I am wondering does this happen to other parents with their adhd child and substitutes?  Do you have any ideas to help in the future? A big problem is we do not know when there will be a sub before the day.
This is common. Have a talk with the teacher and ask her to provide substitutes with detailed information on how to manage your child. If it's the same substitute tomorrow why not just go to class with him, or let the principal know that this particular teacher doesn't have the needed skill set to manage him and you want to do home study until the regular teacher returns. He shouldn't be going ballistic at the end of the day. Her approach obviously sent him over the edge.My son has a horrible time with transitions and with changes to his
schedule.    What works with my son is when he basically ignores the sub
and goes through his ed tech 100%. It may be too late for this, but is
there another adult, someone he knows and respects at the school, who
could buddy up with him for the rest of the week?

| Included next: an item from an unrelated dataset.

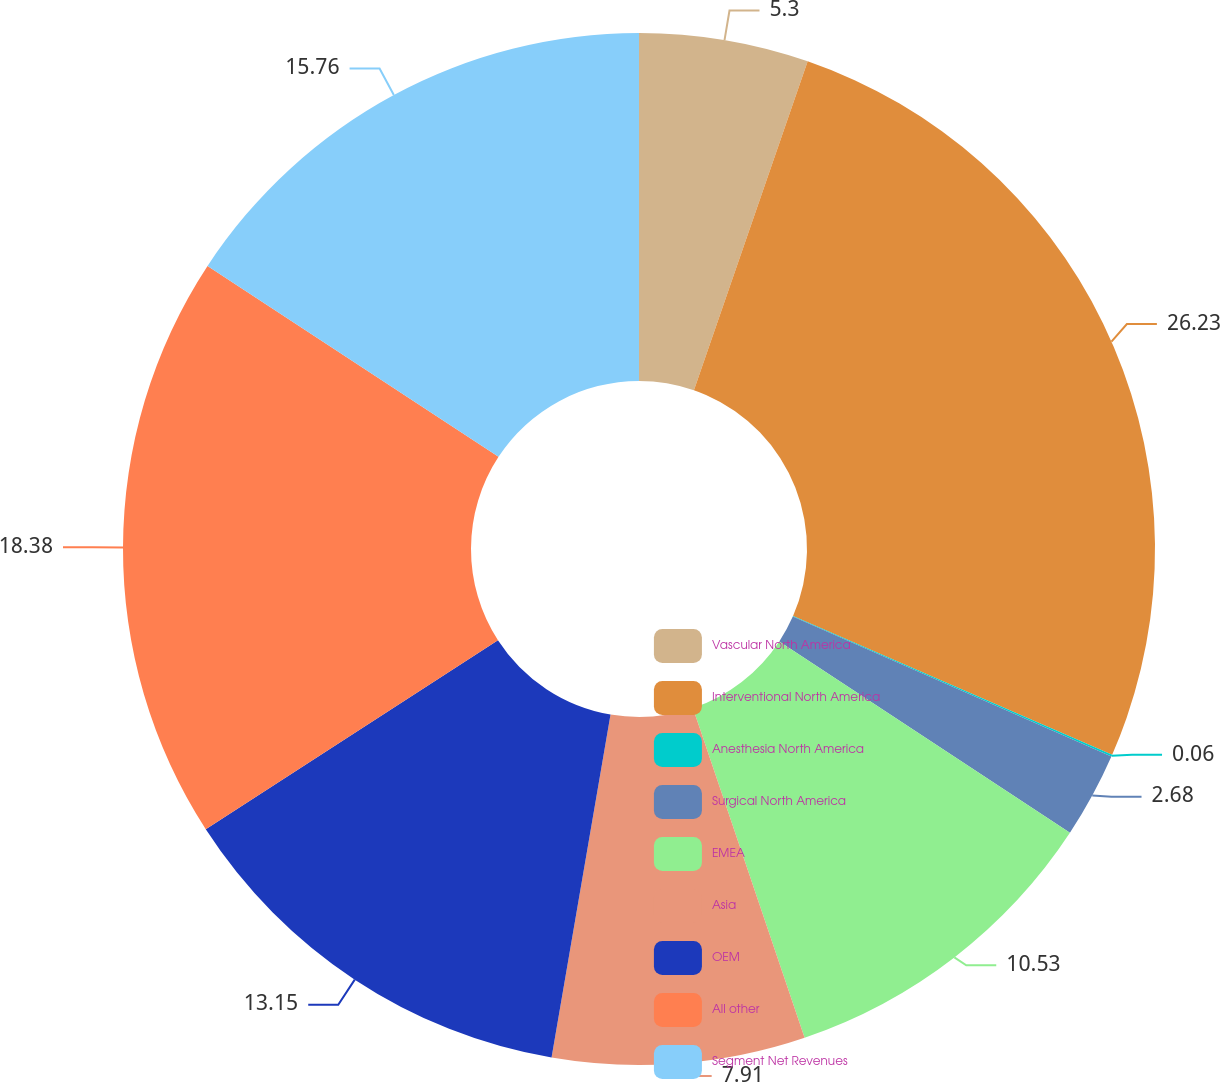<chart> <loc_0><loc_0><loc_500><loc_500><pie_chart><fcel>Vascular North America<fcel>Interventional North America<fcel>Anesthesia North America<fcel>Surgical North America<fcel>EMEA<fcel>Asia<fcel>OEM<fcel>All other<fcel>Segment Net Revenues<nl><fcel>5.3%<fcel>26.23%<fcel>0.06%<fcel>2.68%<fcel>10.53%<fcel>7.91%<fcel>13.15%<fcel>18.38%<fcel>15.76%<nl></chart>

Also - it helps if my son gets a heads up. He has an ed tech now, but
before he had one they would send someone, frequently the vice principal
or his special ed coordinator, to "introduce" him to the sub. Then he
didn't feel like he was blindsided and it was easier for him to deal with
the sub. Also, the sub was always given a heads up about him so they
wouldn't push so hard.

My son's worst sub experience was with one who insisted he write his
name on the page first - he always writes his name when he's done with
his work. It was an all out war. When I pitched a fit with the school for
the absolutely inane power struggle the sub was doing, I got the
principal to tell her to back off, and guess what - the next day they had
no problems.

Sounds like you have a power struggle going on there, too. You can't call
the sub, but you can call the principal to find out what happened. If your
son's sub is trying to make him do something to stake a claim, have the
principal intervene. Just giving the sub permission not to force your son
to toe the line might be enough breathing room to calm everything down.

Another thing - and this is just me - my son does homework very well, so
if there's some major disruption happening at school, I keep him home
and basically homeschool him for a short while. That might be the best
solution for you this week.

Best of luck! Do some extra self-care tonight - you deserve it!